一项全现象的孟德尔随机化和共定位研究揭示了PBC与其他自身免疫性疾病之间的遗传关联。

背景：原发性胆道胆管炎（PBC）是一种慢性自身免疫性肝病，通常与各种其他自身免疫性疾病相关。我们进行了一项全现象关联研究孟德尔随机化（MR-PheWAS），以确定PBC与其他疾病，特别是自身免疫性疾病之间的遗传关联。方法：通过对先前GWAS鉴定的35个PBC风险位点及其在UK Biobank数据库中匹配的对照SNP集进行富集分析，我们进行了PheWAS研究PBC与相关性状之间的因果关系。通过MR-PheWAS和双向双样本孟德尔随机化分析来确定PBC与甲状腺功能减退之间的因果关系。对甲状腺功能减退症的常见遗传变异进行了共定位分析。结果：PBC的遗传易感性与25种特征（甲状腺功能减退、哮喘、过敏性鼻炎、牛皮癣、溃疡性结肠炎和多发性硬化症）的高风险相关。经错误发现率（FDR）校正后，有9个性状有显著性差异。MR-PheWAS分析证实PBC与甲状腺功能减退之间存在因果关系，并进行双向双样本孟德尔随机化分析验证。PBC与甲状腺功能减退的OR为113.61(p=9.30E - 05)， PBC与甲状腺功能减退也有因果关系(OR: 1.005；p=4.33E - 09)。
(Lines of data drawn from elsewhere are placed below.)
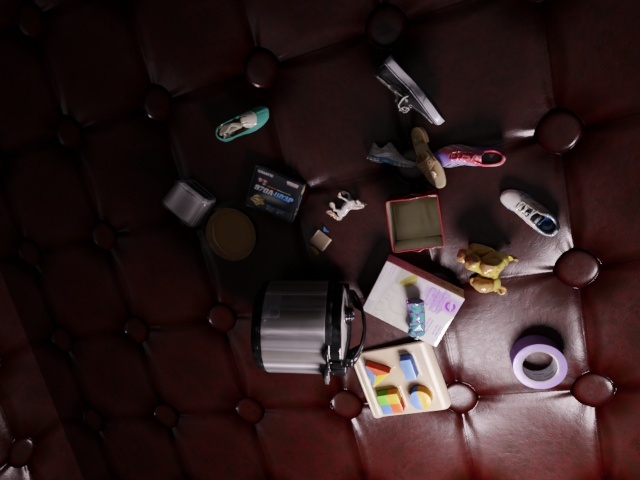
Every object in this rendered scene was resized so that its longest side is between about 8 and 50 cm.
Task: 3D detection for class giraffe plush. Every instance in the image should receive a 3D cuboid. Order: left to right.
[{"bbox_3d":[0.616,0.119,1.576,0.210,0.181,0.171,-8,116,-18],"label":"giraffe plush"}]

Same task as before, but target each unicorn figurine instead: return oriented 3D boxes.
[{"bbox_3d":[0.104,-0.142,1.688,0.111,0.060,0.162,44,127,0],"label":"unicorn figurine"}]

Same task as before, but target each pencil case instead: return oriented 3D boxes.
[{"bbox_3d":[0.365,0.297,1.622,0.070,0.064,0.152,-4,104,0],"label":"pencil case"}]

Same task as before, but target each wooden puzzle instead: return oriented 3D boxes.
[{"bbox_3d":[0.000,0.000,1.773,0.078,0.014,0.116,43,111,-4],"label":"wooden puzzle"},{"bbox_3d":[0.341,0.606,1.802,0.347,0.080,0.322,-18,99,19],"label":"wooden puzzle"}]

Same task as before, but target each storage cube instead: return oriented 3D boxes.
[{"bbox_3d":[0.351,-0.078,1.560,0.183,0.193,0.215,-8,103,17],"label":"storage cube"}]

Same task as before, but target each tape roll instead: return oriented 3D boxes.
[{"bbox_3d":[0.836,0.467,1.631,0.188,0.080,0.189,4,104,14],"label":"tape roll"}]

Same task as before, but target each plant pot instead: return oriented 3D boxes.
[{"bbox_3d":[-0.389,-0.029,1.861,0.236,0.032,0.237,4,106,15],"label":"plant pot"}]

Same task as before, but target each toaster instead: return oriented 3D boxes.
[{"bbox_3d":[-0.554,-0.161,1.821,0.227,0.129,0.146,39,108,4],"label":"toaster"}]

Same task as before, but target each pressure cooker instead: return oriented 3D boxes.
[{"bbox_3d":[-0.032,0.340,1.656,0.420,0.375,0.370,-1,95,7],"label":"pressure cooker"}]

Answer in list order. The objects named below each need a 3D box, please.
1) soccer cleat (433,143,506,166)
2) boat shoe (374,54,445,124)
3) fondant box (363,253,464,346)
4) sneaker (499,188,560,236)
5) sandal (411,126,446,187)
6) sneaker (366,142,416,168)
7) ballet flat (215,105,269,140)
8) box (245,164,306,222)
[{"bbox_3d":[0.528,-0.298,1.505,0.247,0.095,0.083,4,105,14],"label":"soccer cleat"},{"bbox_3d":[0.310,-0.510,1.503,0.306,0.113,0.105,48,117,2],"label":"boat shoe"},{"bbox_3d":[0.367,0.237,1.691,0.330,0.096,0.238,26,110,6],"label":"fondant box"},{"bbox_3d":[0.747,-0.102,1.503,0.237,0.086,0.085,37,112,5],"label":"sneaker"},{"bbox_3d":[0.370,-0.293,1.537,0.088,0.079,0.240,-22,89,57],"label":"sandal"},{"bbox_3d":[0.272,-0.322,1.586,0.190,0.071,0.083,16,98,8],"label":"sneaker"},{"bbox_3d":[-0.319,-0.463,1.698,0.247,0.087,0.083,-22,97,19],"label":"ballet flat"},{"bbox_3d":[-0.186,-0.192,1.752,0.220,0.051,0.175,23,109,9],"label":"box"}]
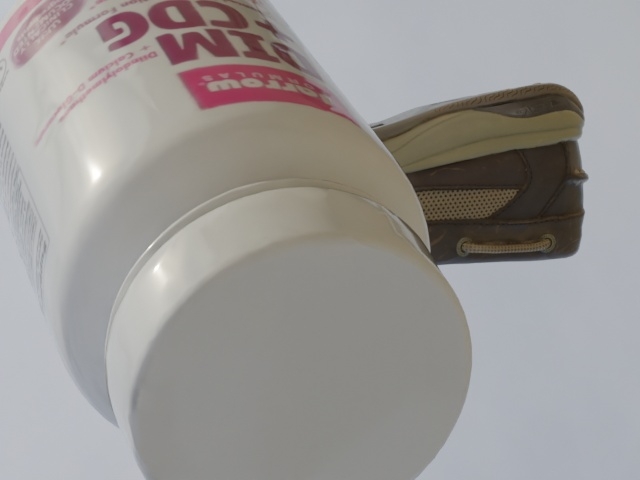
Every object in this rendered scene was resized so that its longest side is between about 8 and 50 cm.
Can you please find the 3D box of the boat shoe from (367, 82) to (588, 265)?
[{"bbox_3d":[0.000,0.000,1.122,0.132,0.355,0.130,-143,40,-86],"label":"boat shoe"}]

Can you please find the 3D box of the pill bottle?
[{"bbox_3d":[-0.048,-0.009,0.790,0.160,0.160,0.283,28,-165,-32],"label":"pill bottle"}]
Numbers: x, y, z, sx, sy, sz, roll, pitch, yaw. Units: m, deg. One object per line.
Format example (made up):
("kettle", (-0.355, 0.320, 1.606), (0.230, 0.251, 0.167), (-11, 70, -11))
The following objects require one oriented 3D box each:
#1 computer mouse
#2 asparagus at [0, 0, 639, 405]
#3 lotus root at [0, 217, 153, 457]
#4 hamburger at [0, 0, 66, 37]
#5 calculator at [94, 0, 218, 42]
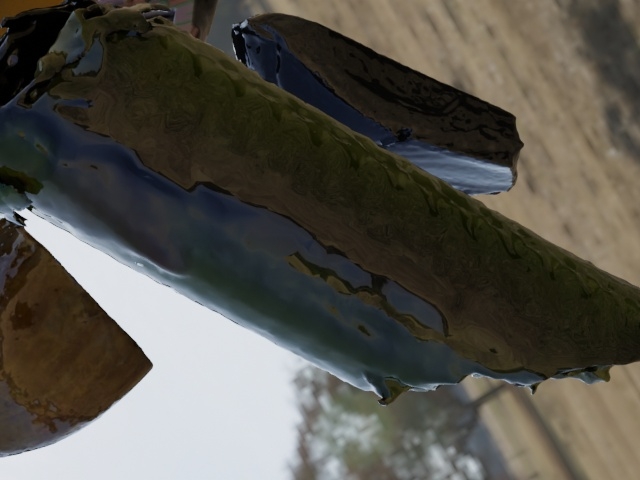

在鉴定的基因中，CCDC88B和MMEL1与甲状腺功能减退的风险呈正相关(CCDC88B: OR = 1.004, p=4.69E - 07；MMEL1: OR = 1.004, p=6.65E - 06)和FinnGen队列(CCDC88B: OR = 1.044；Mmel1: or = 1.038)。这两个基因可能是甲状腺功能减退症的药物靶点(CCDC88B: colc .abf- pph4 = 94.7%；MMEL1: colc .abf- pph4 = 91.8%)。结论：我们的研究通过全现象孟德尔随机化揭示了PBC与甲状腺功能减退之间的遗传关联，然后，共定位确定了两个甲状腺功能减退的潜在药物靶点。

本文章由计算机程序翻译，如有差异，请以英文原文为准。

求助全文

约1分钟内获得全文求助全文

来源期刊

Canadian Journal of Gastroenterology and Hepatology GASTROENTEROLOGY & HEPATOLOGY-

CiteScore

4.80

自引率

0.00%

发文量

审稿时长

37 weeks

期刊介绍： Canadian Journal of Gastroenterology and Hepatology is a peer-reviewed, open access journal that publishes original research articles, review articles, and clinical studies in all areas of gastroenterology and liver disease - medicine and surgery. The Canadian Journal of Gastroenterology and Hepatology is sponsored by the Canadian Association of Gastroenterology and the Canadian Association for the Study of the Liver.